Mazda 323 GT 1.6i gegen Suzuki Swift 1.3 GTi
Zwei Japaner, ein Ziel

AUTO BILD Archiv-Artikel 2/1987: Sportliche Limousinen im Kompaktformat: VW erfand den GTI und diese Klasse. Auf den Spuren des GTI : der Mazda 323 GT 16.i und der Suzuki Swift GTi.
- Tomas Hirschberger
GTI. Mehr als ein Kürzel. Ein Begriff, fast wie 4711 oder Cola. GTI, erfunden von VW für den stärksten Golf, steht für Sportlichkeit, Leistung, Geschwindigkeit - und für Erfolg. Mit diesen drei Buchstaben schuf VW eine neue Klasse: die sportlichen Kompakten. Hier herrscht inzwischen ein reges Gedränge. Kaum ein Hersteller von Kompaktwagen, der auf einen GTI im Programm verzichet. 1986 heizten zwei neue Japaner die GTI-Inflation weiter an. AUTO BILD stellt vor: den Suzuki Swift GTi (101 PS, 17.990 Mark) und den Mazda 323 GT 1.6i (105 PS, 21.180 Mark). Der schmucke Swift hat einen richtigen Knüller unter der Haube: den kleinsten Sechzehnventiler der Welt.
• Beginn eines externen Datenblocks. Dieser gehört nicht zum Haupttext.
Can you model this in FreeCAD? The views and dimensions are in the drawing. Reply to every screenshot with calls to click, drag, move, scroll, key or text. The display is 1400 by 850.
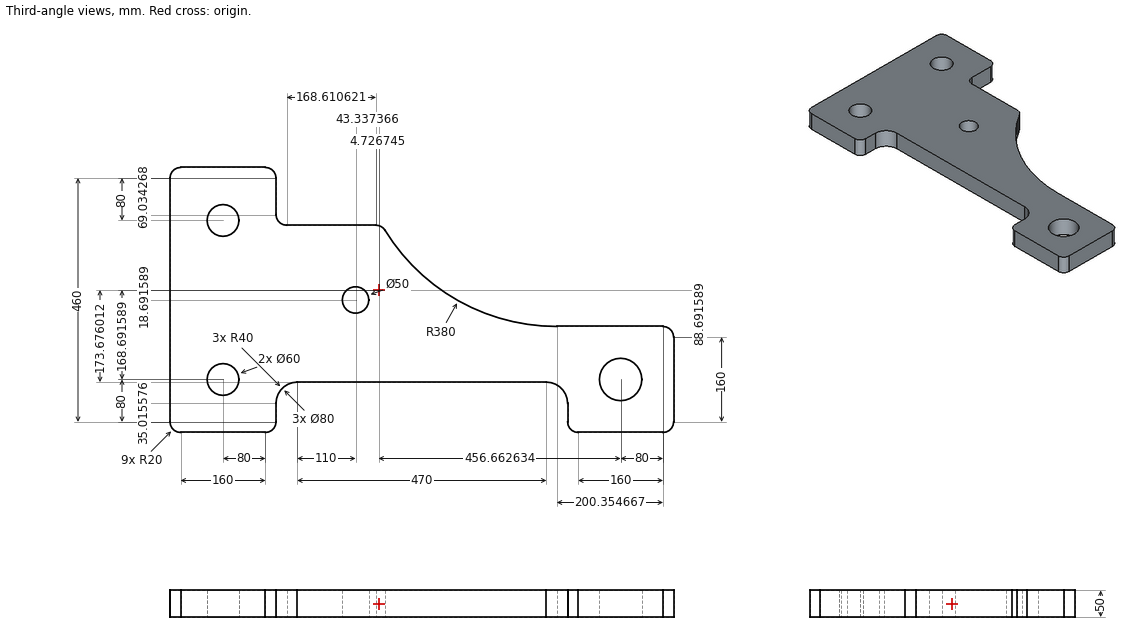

Aus nur 1298 Kubik Hubraum zaubert er stattliche 101 PS.
Das Original: Der Artikel von 1987 zum kostenlosen Download
Zwei obenliegende Nockenwellen sorgen für die exakte Steuerung der je zwei Ein- und Auslassventile pro Zylinder, eine elektronische Benzineinspritzung hält den Verbrauch erfreulich niedrig. Sogar eine hydraulische Ventilspiel-Einstellung fehlt dem Motörchen nicht. Derartige technische Delikatessen bietet der Mazda nicht. Sein Vierzylinder-Aggregat ist nach dem konventionellen Prinzip gestrickt: zwei Ventile pro Zylinder, eine obenliegende Nockenwelle, 105 PS aus 1,6 Litern Hubraum. Wer mehr will, kann jetzt den nagelneuen Mazda 323 Turbo 4WD 16 V bestellen. Sein 150 PS starker Vierventiler basiert auf dem 1600er-Motor des 323 GT 1.6i. Soweit die Papierformel. Doch wie verdauen die sportlichen Fronttriebler das Kraftmenü? Für beide gilt: Bei Trockenheit hui, bei Nässe pfui.
Überblick: Hier geht's zu AUTO BILD Klassik
Setzt Regen ein oder ist der Untergrund schlüpfrig, so haben die Japaner größte Schwierigkeiten, ihre Kraft in Vortrieb umzusetzen. Der Fahrer muss sehr sensibel mit Gas und Kupplung umgehen, sonst drehen die Räder hoffnungslos durch. Bei gutem Wetter zeigt sich der Suzuki von seiner sonnigen Seite. Der Sechzehnventiler wirkt schon im unteren Drehzahlbereich quicklebendig (0-100 km/h in 9,2 Sek.). Und wird das exakte, sehr kurz übersetzte Fünfganggetriebe fleißig geschaltet, so dreht der kleine Vierzylinder kraftvoll bis in den roten Bereich, der bei 6500 Touren beginnt. Dabei trompetet der Swift einen markigen Sound aus der Doppelrohr-Auspuffanlage, der bei längeren Autobahntouren (Spitze: 181 km/h) etwas lästig wird.